Если бы какой-нибудь насмешник вздумал сказать мне: "Смотрите, сударь, чтобы в ярости Армида не изъяснялась так же, как Армида в любовном опьянении", то я ответил бы ему: "Сударь, я не хочу оскорблять слуха г-на Ж.-Ф. де Лагарпа; я не хочу подражать природе, я желаю приукрасить ее; вместо того, чтобы заставить Армиду кричать, я стремлюсь, чтобы она пленила вас"».
Один тогдашний поэт также проникся жалостью к бедному оперному певцу:
Сто пятьдесят инструментов, натертых канифолью,
Точно рады надорвать свое горло;
А обессиленные, побежденные, униженные певцы
Гибнут от грохота ужасных lutti.
(Бершу, Танец", Париж, 1808)
"Нынче, когда инструменты составляют наиболее важную часть музыки, - писал Руссо, - сонаты, а также всевозможные симфонии в высшей степени в моде; голос стал просто аксессуаром, а пение аккомпанирует аккомпанементу".
Иоганн Фридрих Долее, хотя и настаивает, чтобы его числили учеником Баха, старательно убеждает читателей, что в своих упражнениях по контрапункту он не забывал "о пластичности и выразительности мелодии, избрав образцами для подражания Хассе и Грауна"'.

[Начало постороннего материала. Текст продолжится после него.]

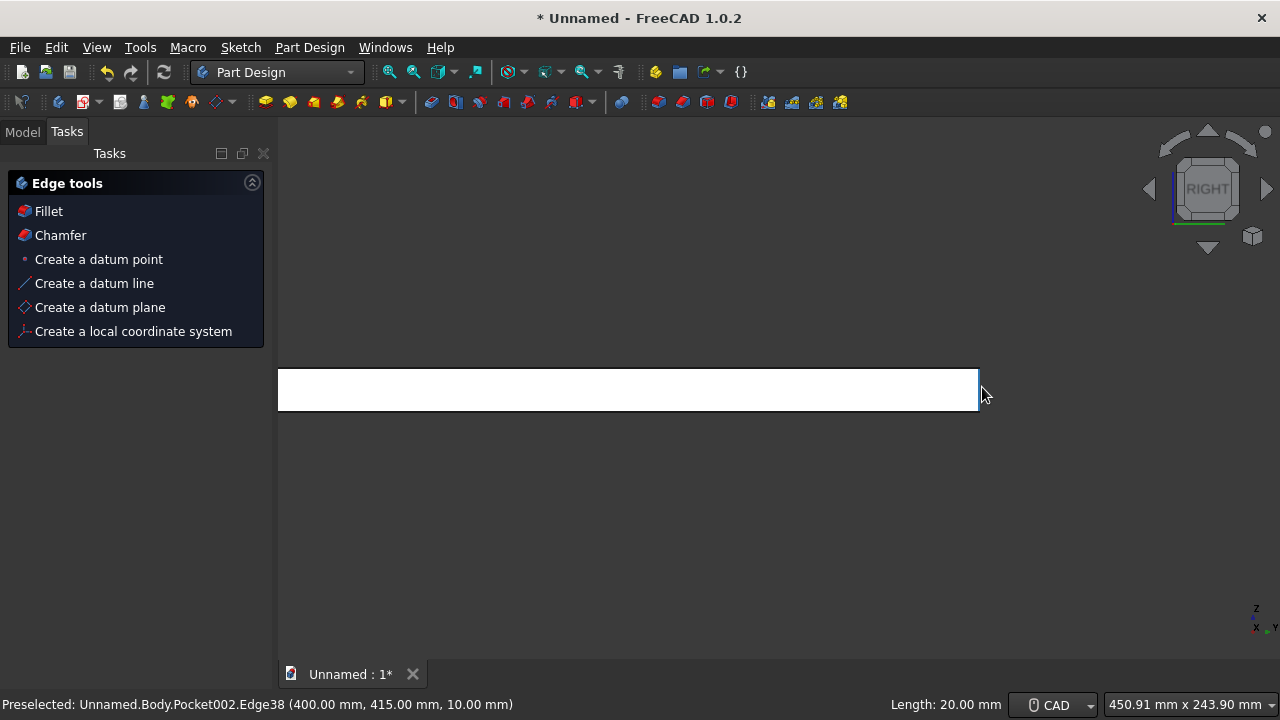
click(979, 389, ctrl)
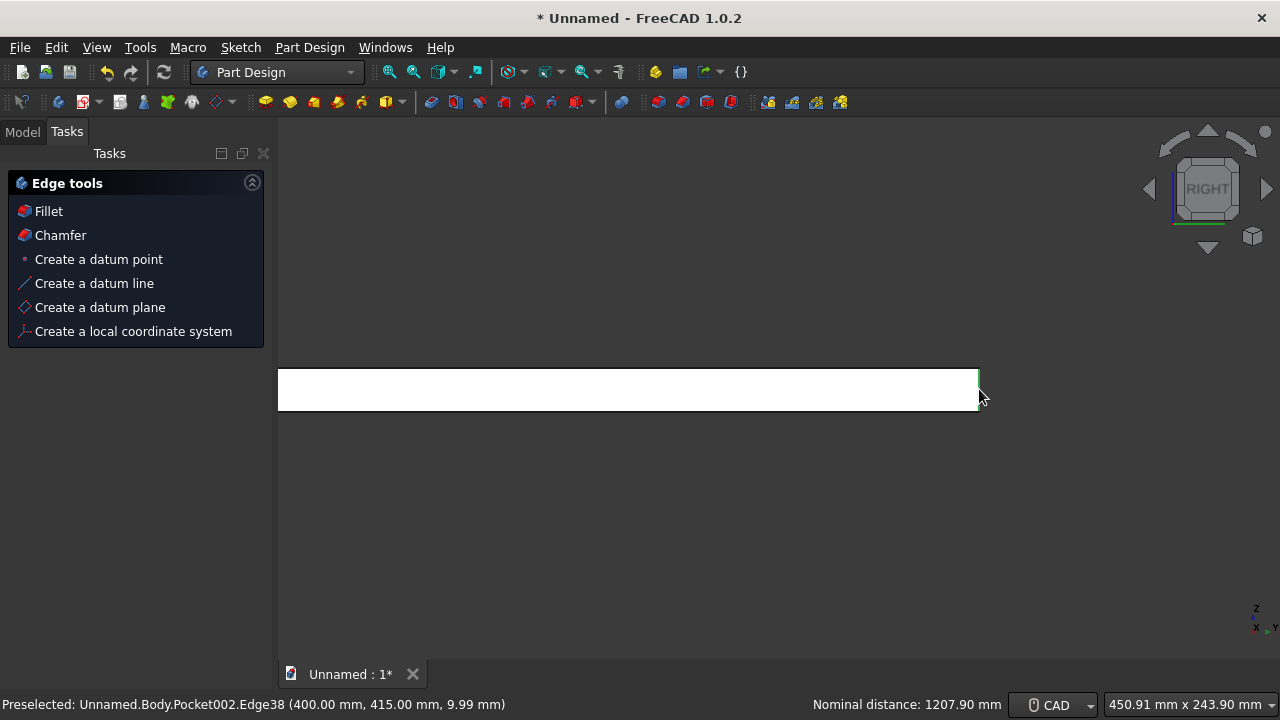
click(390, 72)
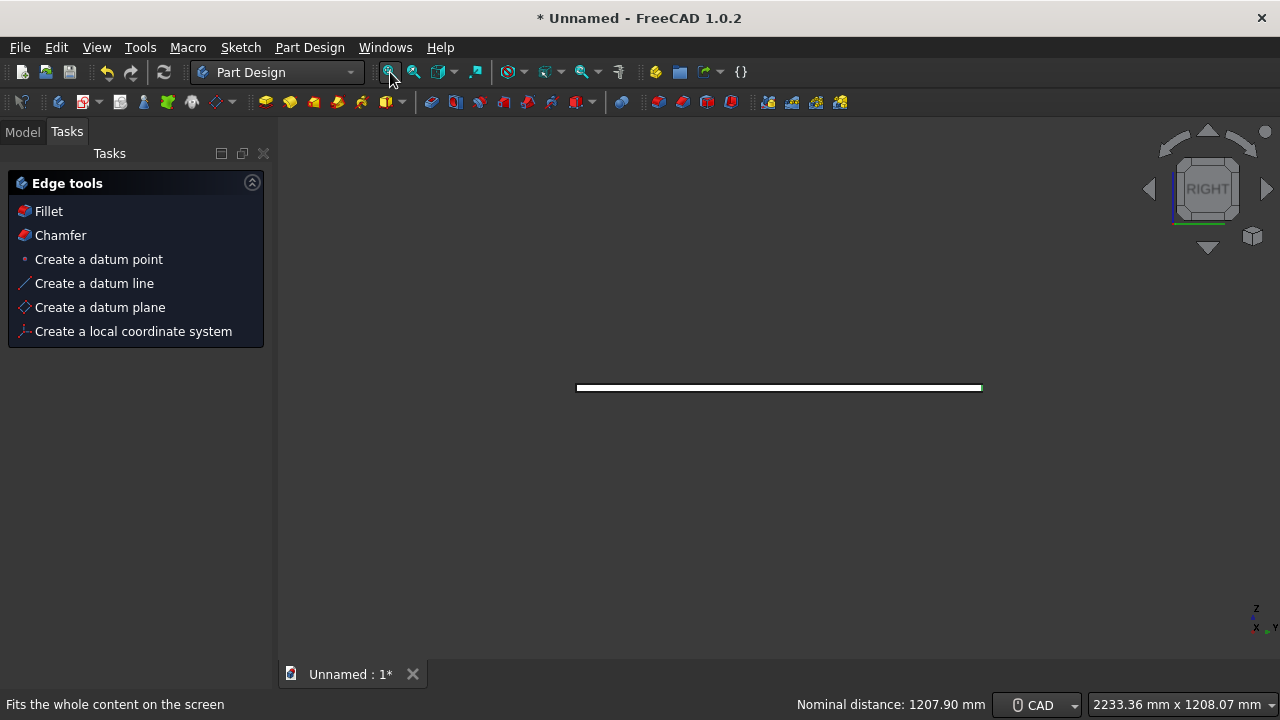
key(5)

В посвящении, предпосланном своей первой пьесе, предназначавшейся жене Годшека, Иоганн Людвиг Кребс, любимый ученик Баха, исповедовал, согласно вкусу того времени, простоту. Маттезон предлагал рецепты для создания легких мелодий.
"У французов нет музыки, и быть ее у них не может, но, даже если они ее заимеют, это будет хуже всего для них" — такое торжественное заявление мы находим в "Письме о французской музыке" Руссо (1753).